Exercise
Word for word, restate all the records; images are not part of the copy.
(Beginning of Given information)
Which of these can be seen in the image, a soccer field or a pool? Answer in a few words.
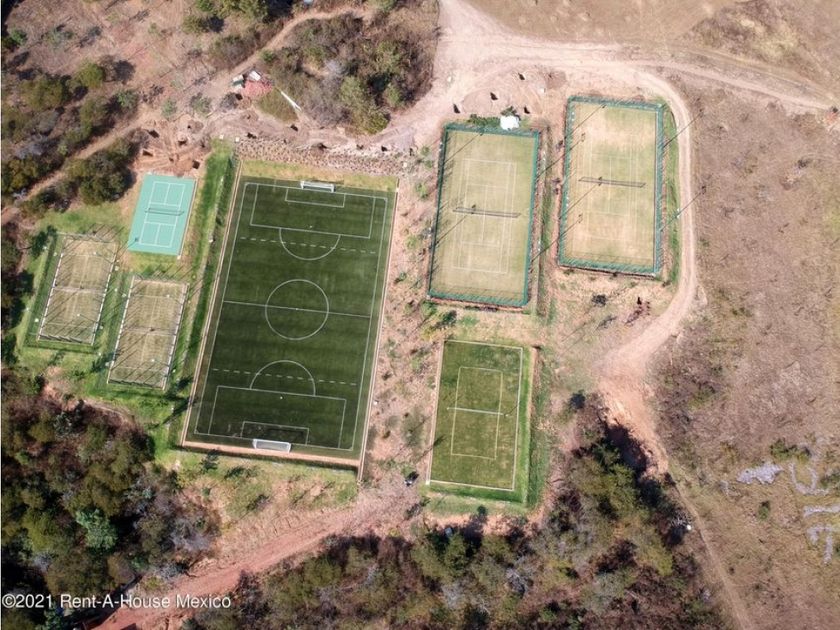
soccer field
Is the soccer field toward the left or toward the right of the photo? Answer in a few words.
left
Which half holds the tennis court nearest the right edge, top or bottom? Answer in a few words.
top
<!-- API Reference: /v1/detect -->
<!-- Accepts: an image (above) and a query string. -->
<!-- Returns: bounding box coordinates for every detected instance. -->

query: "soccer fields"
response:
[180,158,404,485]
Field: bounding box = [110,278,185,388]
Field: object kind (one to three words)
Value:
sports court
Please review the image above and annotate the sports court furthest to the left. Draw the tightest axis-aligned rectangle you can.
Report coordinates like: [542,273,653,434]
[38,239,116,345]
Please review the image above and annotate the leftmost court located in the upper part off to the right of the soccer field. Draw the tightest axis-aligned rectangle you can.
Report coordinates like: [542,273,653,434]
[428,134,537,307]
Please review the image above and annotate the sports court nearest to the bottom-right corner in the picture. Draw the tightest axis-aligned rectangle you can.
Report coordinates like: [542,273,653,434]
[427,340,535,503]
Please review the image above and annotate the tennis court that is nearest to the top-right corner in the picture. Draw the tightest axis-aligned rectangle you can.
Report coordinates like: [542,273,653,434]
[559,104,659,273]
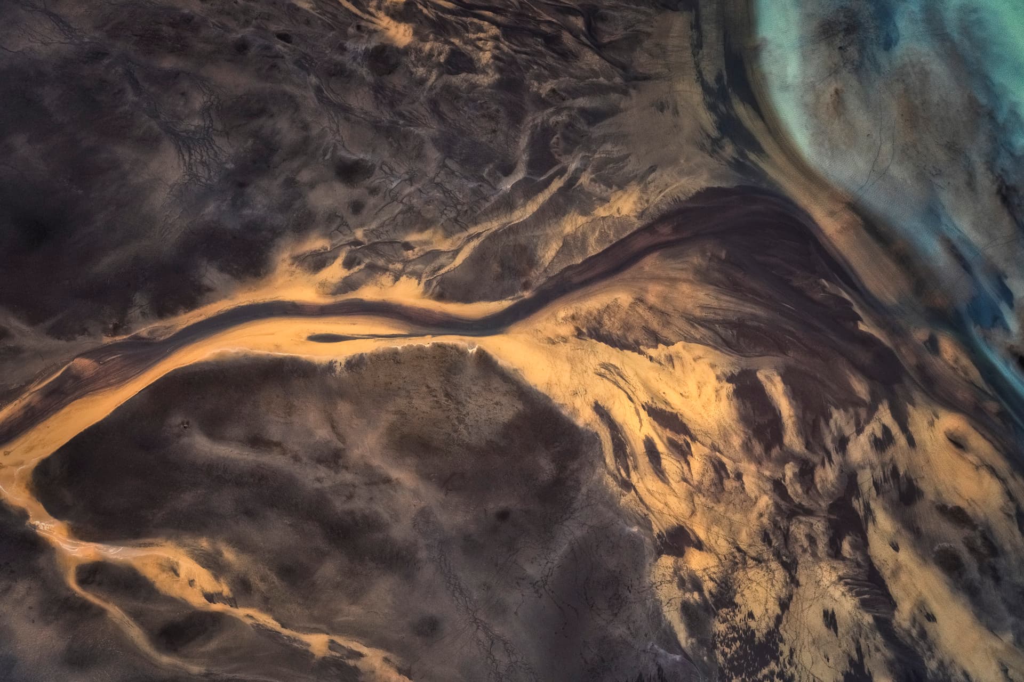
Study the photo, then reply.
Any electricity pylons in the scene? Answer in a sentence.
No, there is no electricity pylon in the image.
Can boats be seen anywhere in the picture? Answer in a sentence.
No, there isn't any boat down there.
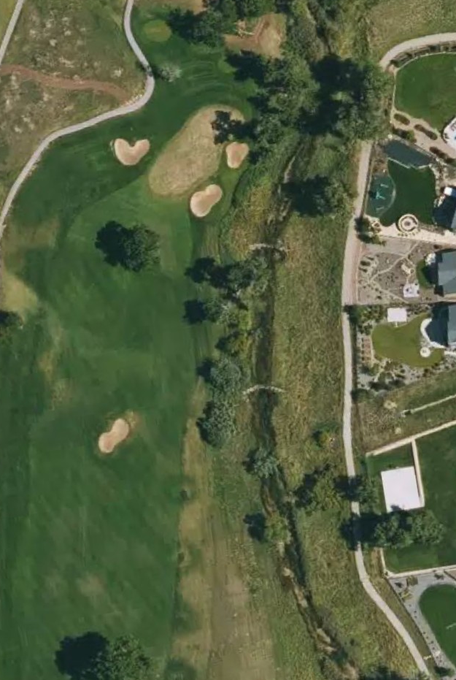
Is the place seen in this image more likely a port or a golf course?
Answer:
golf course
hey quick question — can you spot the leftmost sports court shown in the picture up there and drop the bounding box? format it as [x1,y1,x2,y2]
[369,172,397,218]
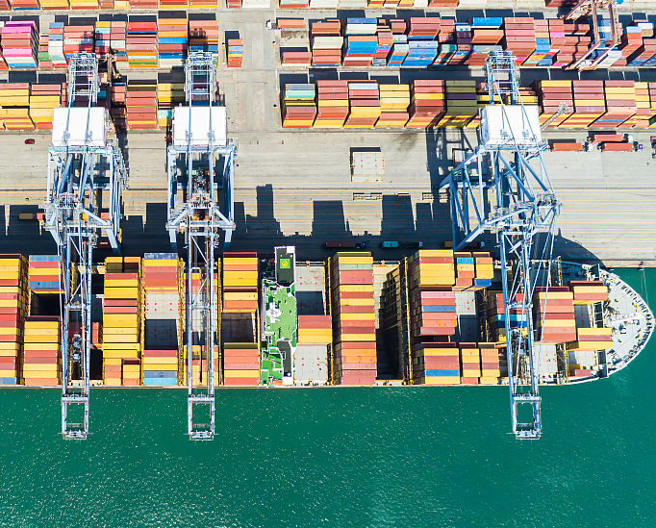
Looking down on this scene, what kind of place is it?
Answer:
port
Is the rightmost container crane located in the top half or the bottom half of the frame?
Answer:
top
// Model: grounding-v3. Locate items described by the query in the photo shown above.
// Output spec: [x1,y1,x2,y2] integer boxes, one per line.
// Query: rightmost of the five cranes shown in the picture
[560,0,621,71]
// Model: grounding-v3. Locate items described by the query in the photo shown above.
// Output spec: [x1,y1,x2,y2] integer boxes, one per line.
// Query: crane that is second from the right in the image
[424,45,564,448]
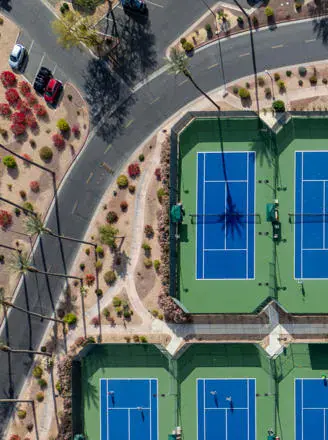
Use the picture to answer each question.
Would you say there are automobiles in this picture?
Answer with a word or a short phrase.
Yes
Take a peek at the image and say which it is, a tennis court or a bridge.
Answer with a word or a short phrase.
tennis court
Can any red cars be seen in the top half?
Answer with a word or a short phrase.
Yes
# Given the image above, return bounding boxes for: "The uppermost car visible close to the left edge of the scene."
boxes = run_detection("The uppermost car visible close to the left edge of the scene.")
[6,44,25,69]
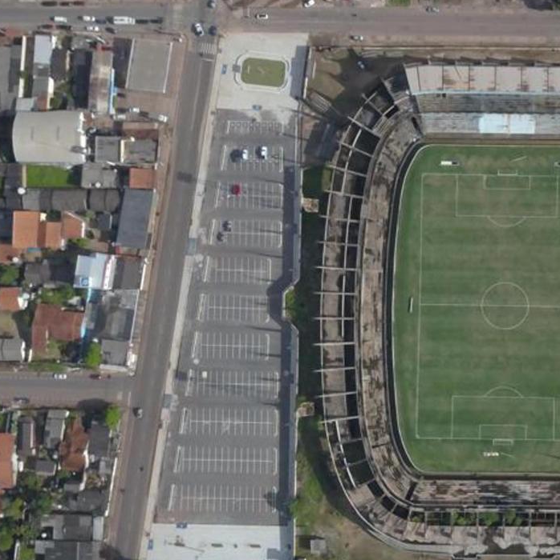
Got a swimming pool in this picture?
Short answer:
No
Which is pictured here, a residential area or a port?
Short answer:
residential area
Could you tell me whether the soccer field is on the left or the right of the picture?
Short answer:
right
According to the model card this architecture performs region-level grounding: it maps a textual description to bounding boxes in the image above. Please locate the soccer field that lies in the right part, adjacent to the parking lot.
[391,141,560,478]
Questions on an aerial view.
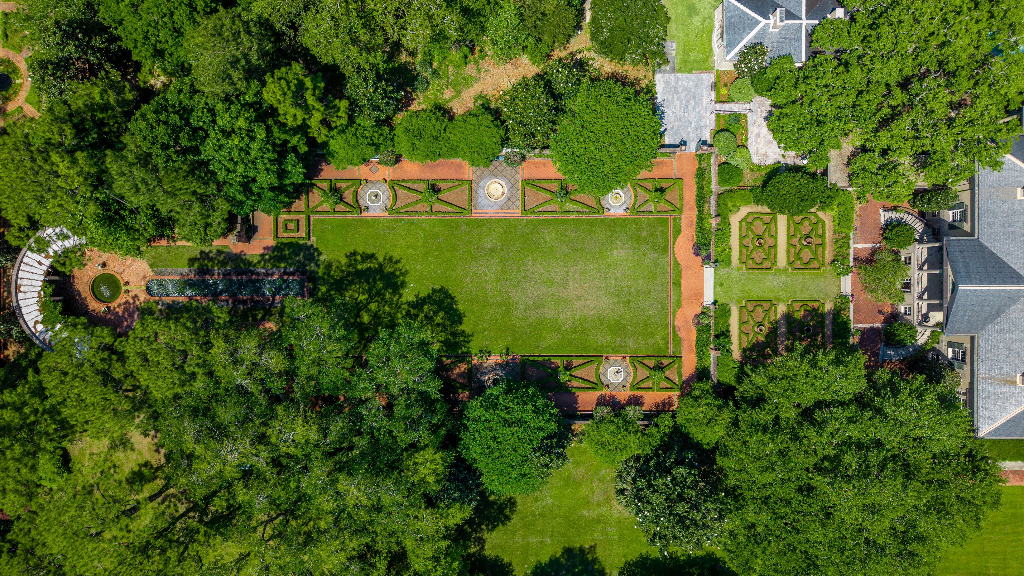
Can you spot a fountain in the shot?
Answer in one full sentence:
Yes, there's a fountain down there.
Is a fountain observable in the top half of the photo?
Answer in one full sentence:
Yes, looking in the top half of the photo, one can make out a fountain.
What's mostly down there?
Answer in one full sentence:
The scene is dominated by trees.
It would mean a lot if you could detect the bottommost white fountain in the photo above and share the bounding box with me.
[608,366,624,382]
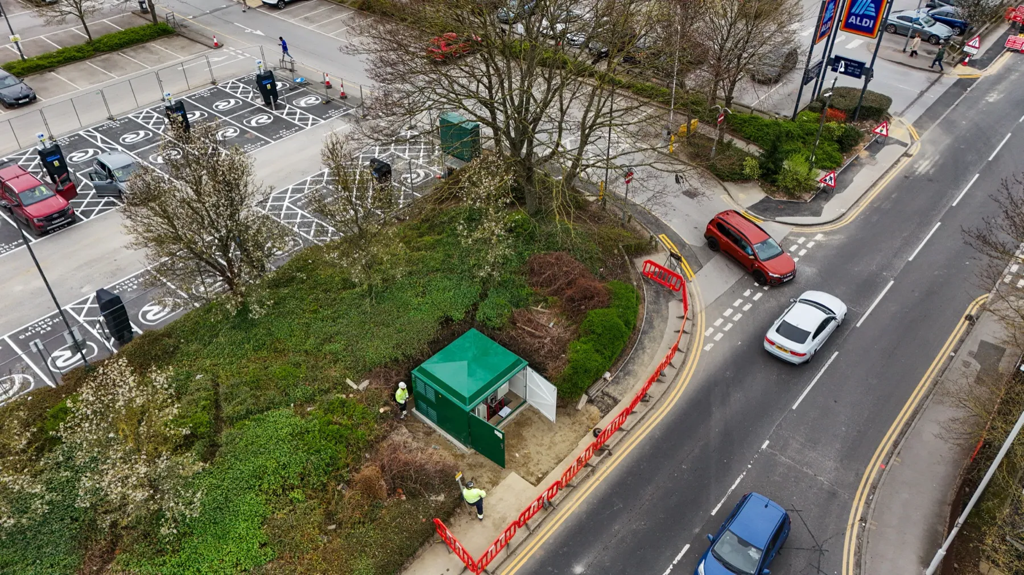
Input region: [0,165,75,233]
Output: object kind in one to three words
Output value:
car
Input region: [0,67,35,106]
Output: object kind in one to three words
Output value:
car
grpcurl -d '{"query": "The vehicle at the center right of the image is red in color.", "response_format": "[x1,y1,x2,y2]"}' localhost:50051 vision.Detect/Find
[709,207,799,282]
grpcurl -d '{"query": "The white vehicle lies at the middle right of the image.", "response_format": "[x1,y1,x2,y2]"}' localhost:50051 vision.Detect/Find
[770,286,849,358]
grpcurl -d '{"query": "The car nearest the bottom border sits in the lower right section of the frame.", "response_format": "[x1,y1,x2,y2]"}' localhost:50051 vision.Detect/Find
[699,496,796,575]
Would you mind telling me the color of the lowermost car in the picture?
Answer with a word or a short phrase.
(End of Given information)
Solution to this problem
Which of these can be seen in the image, a soccer field or a pool? Answer in a few words.
soccer field
Is the soccer field toward the left or toward the right of the photo? Answer in a few words.
left
Which half holds the tennis court nearest the right edge, top or bottom? Answer in a few words.
top
<!-- API Reference: /v1/detect -->
<!-- Accepts: an image (above) and a query string. -->
<!-- Returns: bounding box coordinates for every detected instance. -->

query: "soccer fields"
response:
[180,158,404,485]
Field: bounding box = [110,278,185,388]
Field: object kind (one to three words)
Value:
sports court
Please review the image above and annotate the sports court furthest to the left. Draw the tightest axis-aligned rectangle you can.
Report coordinates like: [542,273,653,434]
[38,239,116,345]
Please review the image above and annotate the leftmost court located in the upper part off to the right of the soccer field. Draw the tightest axis-aligned rectangle you can.
Report coordinates like: [542,273,653,434]
[428,134,537,307]
Please review the image above and annotate the sports court nearest to the bottom-right corner in the picture. Draw the tightest axis-aligned rectangle you can.
Report coordinates like: [542,273,653,434]
[427,340,535,503]
Please review the image above and annotate the tennis court that is nearest to the top-right corner in the picture. Draw the tightest axis-aligned rectangle you can.
Report coordinates like: [542,273,653,434]
[559,104,659,273]
Study the photo, then reply.
Any electricity pylons in the scene? Answer in a sentence.
No, there is no electricity pylon in the image.
Can boats be seen anywhere in the picture? Answer in a sentence.
No, there isn't any boat down there.
Is the place seen in this image more likely a port or a golf course?
Answer:
golf course
hey quick question — can you spot the leftmost sports court shown in the picture up there and drop the bounding box? format it as [x1,y1,x2,y2]
[369,172,397,218]
Looking down on this scene, what kind of place is it?
Answer:
port
Is the rightmost container crane located in the top half or the bottom half of the frame?
Answer:
top
// Model: grounding-v3. Locate items described by the query in the photo shown above.
// Output spec: [x1,y1,x2,y2] integer boxes, one per line.
// Query: rightmost of the five cranes shown in the picture
[560,0,621,71]
// Model: grounding-v3. Locate items described by the query in the photo shown above.
// Output spec: [x1,y1,x2,y2] integer boxes, one per line.
// Query: crane that is second from the right in the image
[424,45,564,448]
Use the picture to answer each question.
Would you say there are automobiles in this picture?
Answer with a word or a short phrase.
Yes
Take a peek at the image and say which it is, a tennis court or a bridge.
Answer with a word or a short phrase.
tennis court
Can any red cars be seen in the top half?
Answer with a word or a short phrase.
Yes
# Given the image above, return bounding boxes for: "The uppermost car visible close to the left edge of the scene."
boxes = run_detection("The uppermost car visible close to the left edge of the scene.")
[6,44,25,69]
Got a swimming pool in this picture?
Short answer:
No
Which is pictured here, a residential area or a port?
Short answer:
residential area
Could you tell me whether the soccer field is on the left or the right of the picture?
Short answer:
right
According to the model card this architecture performs region-level grounding: it maps a textual description to bounding boxes in the image above. Please locate the soccer field that lies in the right part, adjacent to the parking lot.
[391,141,560,478]
Questions on an aerial view.
Can you spot a fountain in the shot?
Answer in one full sentence:
Yes, there's a fountain down there.
Is a fountain observable in the top half of the photo?
Answer in one full sentence:
Yes, looking in the top half of the photo, one can make out a fountain.
What's mostly down there?
Answer in one full sentence:
The scene is dominated by trees.
It would mean a lot if you could detect the bottommost white fountain in the photo above and share the bounding box with me.
[608,366,624,382]
Input region: [0,165,75,233]
Output: object kind in one to three words
Output value:
car
Input region: [0,67,35,106]
Output: object kind in one to three words
Output value:
car
grpcurl -d '{"query": "The vehicle at the center right of the image is red in color.", "response_format": "[x1,y1,x2,y2]"}' localhost:50051 vision.Detect/Find
[709,207,799,282]
grpcurl -d '{"query": "The white vehicle lies at the middle right of the image.", "response_format": "[x1,y1,x2,y2]"}' localhost:50051 vision.Detect/Find
[770,286,849,358]
grpcurl -d '{"query": "The car nearest the bottom border sits in the lower right section of the frame.", "response_format": "[x1,y1,x2,y2]"}' localhost:50051 vision.Detect/Find
[699,496,796,575]
Would you mind telling me the color of the lowermost car in the picture?
Answer with a word or a short phrase.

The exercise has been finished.